Change removeText to return the old block (text in that node prior to
replace). removeTextAll returns a list of all old blocks.
Add addBlock / addBlocks functions which take generic blocks (may be a
str, may be an AdvancedTag ). Returns the added block.
Add removeBlock / removeBlocks functions which take generic blocks
(may be str, may be AdvancedTag). Returns the removed tag or the block
of text prior to remove. None on removeBlock if none found, or None in
the corrosponding element in the list return of removeBlocks
Add removeChildren function as a helper to remove multiple children.
Returns the children removed in a list, with a "None" if that child
was not present.
Add childBlocks method, to return both text nodes and tag nodes. This matches
what childNodes does in JS DOM (childNodes in AdvancedHTMLParser only returns
tags. Probably will be changed in a future version, such that .children
returns a TagCollection and childNodes returns all blocks.)
Add isTextNode and isTagNode functions, to test if a block is a text node
(str) or a tag node (AdvancedTag)
add "getChildBlocks" method which returns child blocks (same as childBlocks
property, but not a property)
Update "insertAfter" and "insertBefore" methods:
1. Now support blocks (text, or node)
2. Now always return the child, not just when insertBefore/insertAfter was
  NULL
3. Remove the actual insertion outside of the try/catch, as that error
  should be raised (and should NEVER happen)
4. Cleanup documentation

Assets 2

21 May 06:57

kata198

7.1.0

de4316a

7.1.0 - Slurpee Coming Soon

7.1.0 May 21 2017

Add createElement function on AdvancedHTMLParser, to work like
document.createElement. Creates an element with the given tag name.
Add createElementFromHTML function to parser which returns an AdvancedTag from given HTML
Add createElementsFromHTML function to parser which supports and returns a list of parsed
AdvancedTags (one or more).
Add createBlocksFromHTML function to parser which parses HTML and returns a
list of blocks (either AdvancedTag objects, or text nodes (str).
Add appendInnerHTML function to AdvancedTag which works like in javascript
tag.innerHTML += 'someOtherHTML'
and will parse and append any tags and/or text nodes
Significant improvements in performance on creating tags ( On average, 125%
reduction in time to create an AdvancedTag. ) Use is also improved.
Add "body" and "head" properties to Parser.AdvancedHTMLParser - to act same
as document.body and document.head
Add method to both Parser and AdvancedTag, "getFirstElementCustomFilter",
which will apply a lambda/function on each tag, starting with first child and
all children, then second child and all children, etc.

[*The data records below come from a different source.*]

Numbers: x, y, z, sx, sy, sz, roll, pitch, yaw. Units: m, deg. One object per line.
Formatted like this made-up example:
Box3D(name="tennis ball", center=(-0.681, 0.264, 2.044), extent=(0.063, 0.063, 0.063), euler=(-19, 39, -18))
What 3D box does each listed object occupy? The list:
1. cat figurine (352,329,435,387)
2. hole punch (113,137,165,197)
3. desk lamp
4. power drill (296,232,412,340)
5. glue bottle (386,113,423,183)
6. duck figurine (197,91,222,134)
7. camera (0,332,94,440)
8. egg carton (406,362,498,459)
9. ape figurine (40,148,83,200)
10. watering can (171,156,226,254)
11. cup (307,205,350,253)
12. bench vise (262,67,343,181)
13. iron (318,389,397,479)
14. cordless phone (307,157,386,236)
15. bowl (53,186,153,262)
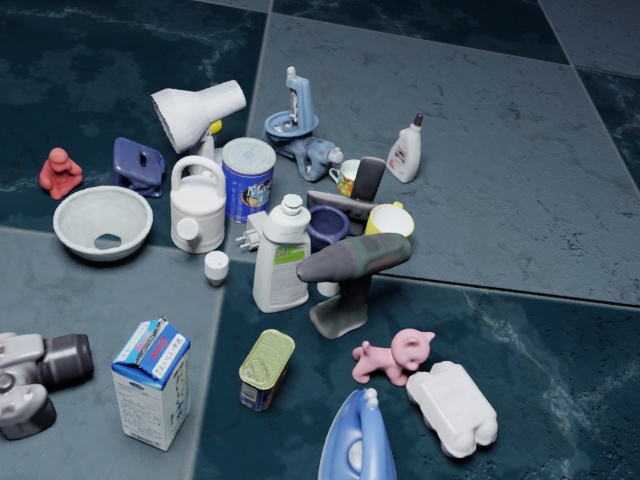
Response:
Box3D(name="cat figurine", center=(0.124, 0.185, 0.946), extent=(0.128, 0.118, 0.067), euler=(5, 47, -9))
Box3D(name="hole punch", center=(-0.363, -0.149, 1.152), extent=(0.101, 0.091, 0.108), euler=(-2, 49, -15))
Box3D(name="desk lamp", center=(-0.232, -0.220, 1.164), extent=(0.204, 0.213, 0.117), euler=(-17, 54, -26))
Box3D(name="power drill", center=(0.046, 0.074, 0.966), extent=(0.230, 0.208, 0.075), euler=(-23, 57, -30))
Box3D(name="glue bottle", center=(0.200, -0.213, 1.288), extent=(0.037, 0.173, 0.078), euler=(-25, 58, -31))
Box3D(name="duck figurine", center=(-0.272, -0.302, 1.317), extent=(0.104, 0.086, 0.078), euler=(33, 50, 17))
Box3D(name="camera", center=(-0.402, 0.189, 0.829), extent=(0.137, 0.101, 0.143), euler=(-12, 52, -22))
Box3D(name="egg carton", center=(0.212, 0.271, 0.922), extent=(0.107, 0.069, 0.150), euler=(-17, 54, -26))
Box3D(name="ape figurine", center=(-0.503, -0.137, 1.108), extent=(0.078, 0.092, 0.076), euler=(-8, 51, -19))
Box3D(name="watering can", center=(-0.220, -0.067, 1.041), extent=(0.101, 0.194, 0.172), euler=(-7, 50, -19))
Box3D(name="cup", center=(0.010, 0.004, 1.099), extent=(0.092, 0.095, 0.117), euler=(-8, 51, -20))
Box3D(name="bench vise", center=(-0.026, -0.253, 1.239), extent=(0.207, 0.220, 0.122), euler=(23, 47, 8))
Box3D(name="iron", center=(0.064, 0.302, 0.809), extent=(0.118, 0.141, 0.258), euler=(8, 47, -6))
Box3D(name="cordless phone", center=(0.052, -0.105, 1.147), extent=(0.147, 0.185, 0.094), euler=(8, 47, -6))
Box3D(name="bowl", center=(-0.387, -0.017, 1.038), extent=(0.167, 0.075, 0.167), euler=(7, 47, -7))
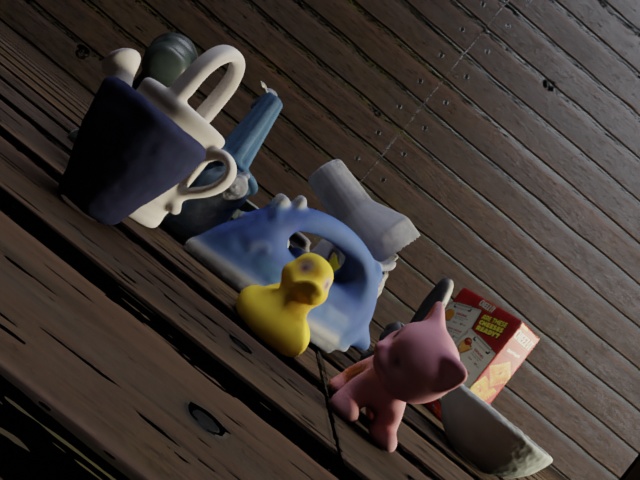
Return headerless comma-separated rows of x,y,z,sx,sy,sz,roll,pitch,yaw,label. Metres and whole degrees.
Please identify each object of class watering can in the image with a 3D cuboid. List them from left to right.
-0.151,-0.121,0.574,0.173,0.194,0.100,39,-2,-14,watering can

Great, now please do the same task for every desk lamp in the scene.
0.008,0.003,0.828,0.203,0.213,0.118,39,-2,4,desk lamp

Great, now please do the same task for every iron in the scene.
-0.018,0.024,0.676,0.259,0.141,0.118,40,-2,-34,iron

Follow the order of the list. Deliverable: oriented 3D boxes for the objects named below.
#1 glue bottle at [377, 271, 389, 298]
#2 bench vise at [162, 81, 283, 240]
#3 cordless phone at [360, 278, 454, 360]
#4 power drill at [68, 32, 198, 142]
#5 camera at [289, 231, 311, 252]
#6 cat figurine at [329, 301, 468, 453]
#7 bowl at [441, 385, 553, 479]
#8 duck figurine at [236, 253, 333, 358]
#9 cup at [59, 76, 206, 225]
0.095,0.110,1.153,0.037,0.173,0.078,38,-2,24,glue bottle
-0.103,-0.094,0.720,0.122,0.219,0.206,40,-2,-43,bench vise
0.161,0.148,0.911,0.094,0.185,0.148,39,-2,17,cordless phone
-0.243,-0.199,0.782,0.076,0.208,0.229,40,-2,-23,power drill
-0.079,0.016,1.206,0.143,0.101,0.137,39,-1,4,camera
0.068,0.103,0.465,0.067,0.117,0.128,39,-1,-1,cat figurine
0.222,0.265,0.774,0.167,0.074,0.167,39,-1,2,bowl
-0.024,0.050,0.523,0.078,0.086,0.104,39,-1,-13,duck figurine
-0.148,-0.059,0.446,0.091,0.095,0.118,39,-1,7,cup
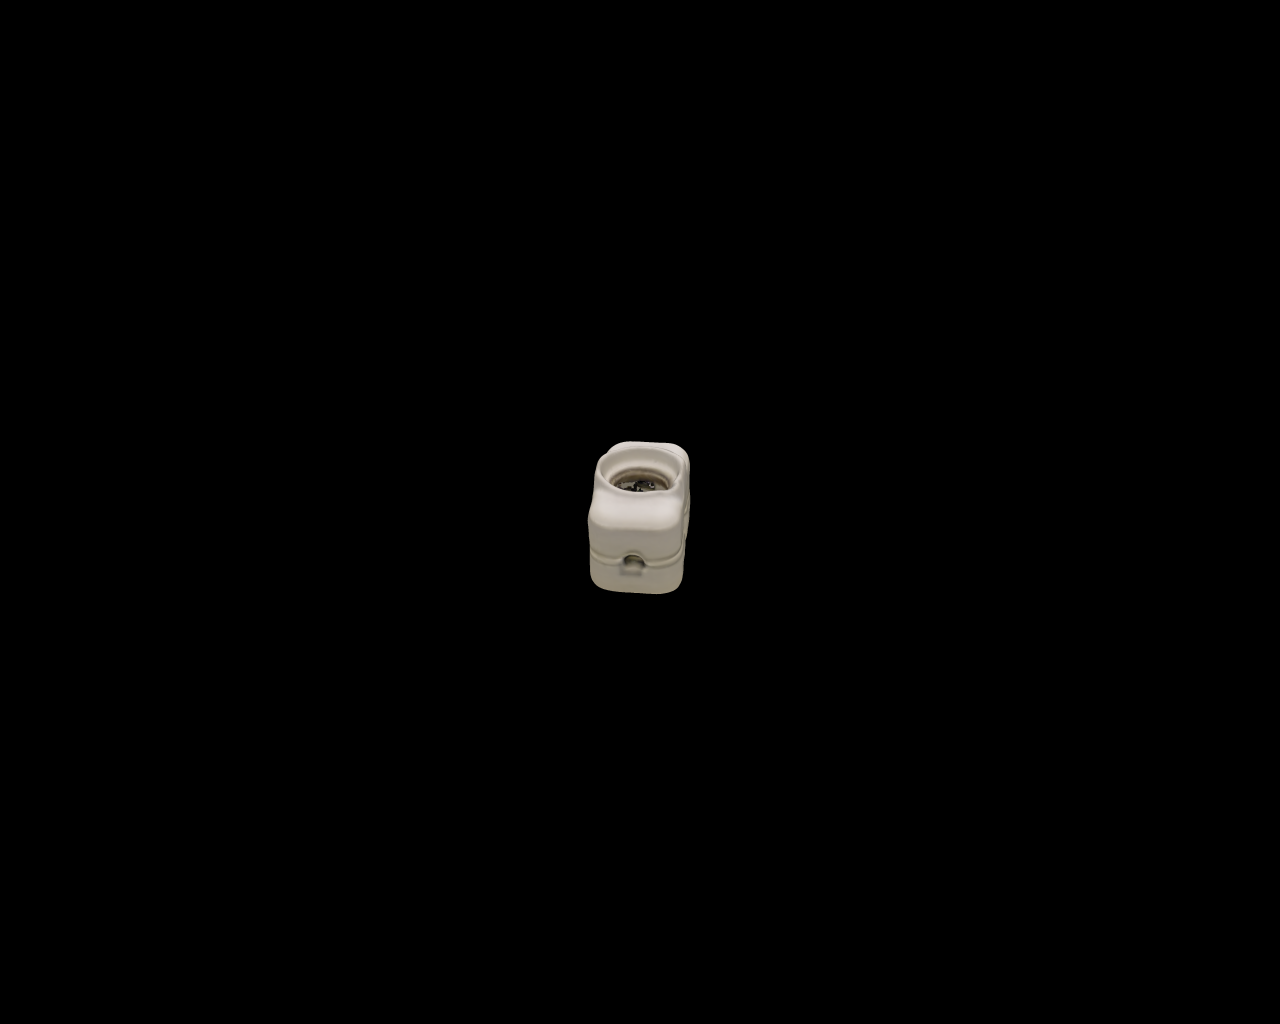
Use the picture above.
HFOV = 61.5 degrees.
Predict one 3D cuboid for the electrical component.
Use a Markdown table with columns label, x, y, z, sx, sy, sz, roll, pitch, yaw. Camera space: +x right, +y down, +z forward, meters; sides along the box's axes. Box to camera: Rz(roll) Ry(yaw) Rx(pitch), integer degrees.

This is used for finding things like "body" and "head" without needing to walk
through the whole document. It's also desgined to find them the quickest, as
they are very likely to be early and high-level objects in the tree.

7.0.2 Apr 28 2017

Fix two typos which would result in exceptions
Add "href" as a standard property name for anchors (so em.href = 'abc' sets
the href attribute)

7.0.0 Apr 6 2017

Add "filter"-style functions (think ORM-style filtering, like
name__contains='abc' or name='abc' or name__ne='something'). Supports all filter operations provided by QueryableList
- These have been added to AdvancedHTMLParser.AdvancedHTMLParser (as
  filter/filterAnd and filterOr) to work on all nodes in the parser
- These have been added to AdvancedTag (as filter/filterAnd and filterOr)
  which work on the tag itself and all children (and their children, and so
  on)
- These have been added to TagCollection (as filter/filterAnd and filterOr)
  that work directly on the elements contained only
- Also, TagCollection has filterAll/filterAllAnd and filterAllOr that work
  directly on the containing elements, and all children of those elements (and
  their children)

This adds QueryableList as a dependency, but setup.py can be passed "--no-deps" to skip that installation (and the filter methods will be unavailable)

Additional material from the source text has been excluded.